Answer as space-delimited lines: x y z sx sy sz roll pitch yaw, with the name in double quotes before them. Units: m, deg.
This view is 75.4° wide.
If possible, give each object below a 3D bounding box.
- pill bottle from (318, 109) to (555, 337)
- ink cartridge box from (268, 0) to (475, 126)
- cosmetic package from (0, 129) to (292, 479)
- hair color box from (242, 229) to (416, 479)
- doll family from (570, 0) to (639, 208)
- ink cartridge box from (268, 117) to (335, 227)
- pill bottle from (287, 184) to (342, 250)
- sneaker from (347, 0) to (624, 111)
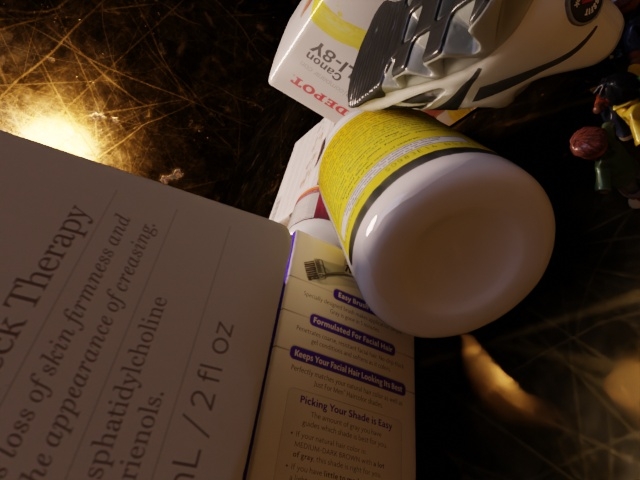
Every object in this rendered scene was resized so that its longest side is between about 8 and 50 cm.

==

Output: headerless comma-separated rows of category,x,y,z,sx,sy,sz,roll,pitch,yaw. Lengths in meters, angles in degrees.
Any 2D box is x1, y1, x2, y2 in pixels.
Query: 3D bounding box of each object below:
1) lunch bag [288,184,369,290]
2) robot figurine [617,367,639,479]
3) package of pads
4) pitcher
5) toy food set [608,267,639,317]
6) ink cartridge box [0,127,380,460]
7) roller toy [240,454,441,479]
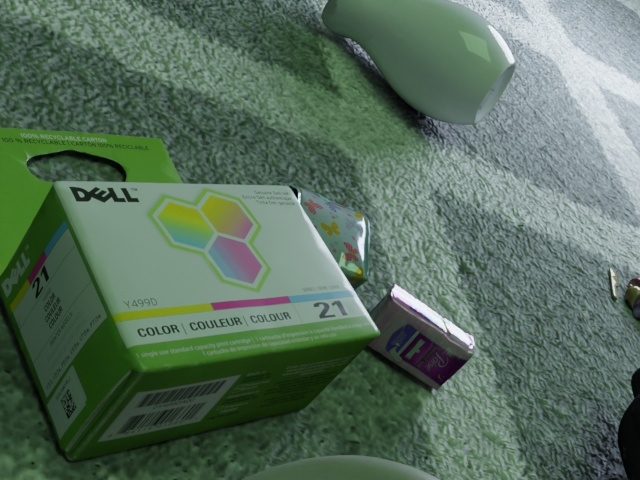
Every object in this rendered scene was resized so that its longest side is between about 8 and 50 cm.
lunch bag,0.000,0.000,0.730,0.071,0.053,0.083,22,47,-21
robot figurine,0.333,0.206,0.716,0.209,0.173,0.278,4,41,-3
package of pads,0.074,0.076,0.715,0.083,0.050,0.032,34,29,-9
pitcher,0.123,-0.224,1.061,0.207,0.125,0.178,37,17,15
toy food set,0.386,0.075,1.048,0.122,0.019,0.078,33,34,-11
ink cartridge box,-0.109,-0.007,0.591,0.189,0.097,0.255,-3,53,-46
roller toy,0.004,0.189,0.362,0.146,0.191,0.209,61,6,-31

- _HOW TO COMPLETE THIS TASK_
Reproduce exactly, and only, the part of the listing above that begins at the line with "Query: 3D bounding" and goes on through the line with "7) roller toy [240,454,441,479]".

- _EXERCISE RESPONSE_
Query: 3D bounding box of each object below:
1) lunch bag [288,184,369,290]
2) robot figurine [617,367,639,479]
3) package of pads
4) pitcher
5) toy food set [608,267,639,317]
6) ink cartridge box [0,127,380,460]
7) roller toy [240,454,441,479]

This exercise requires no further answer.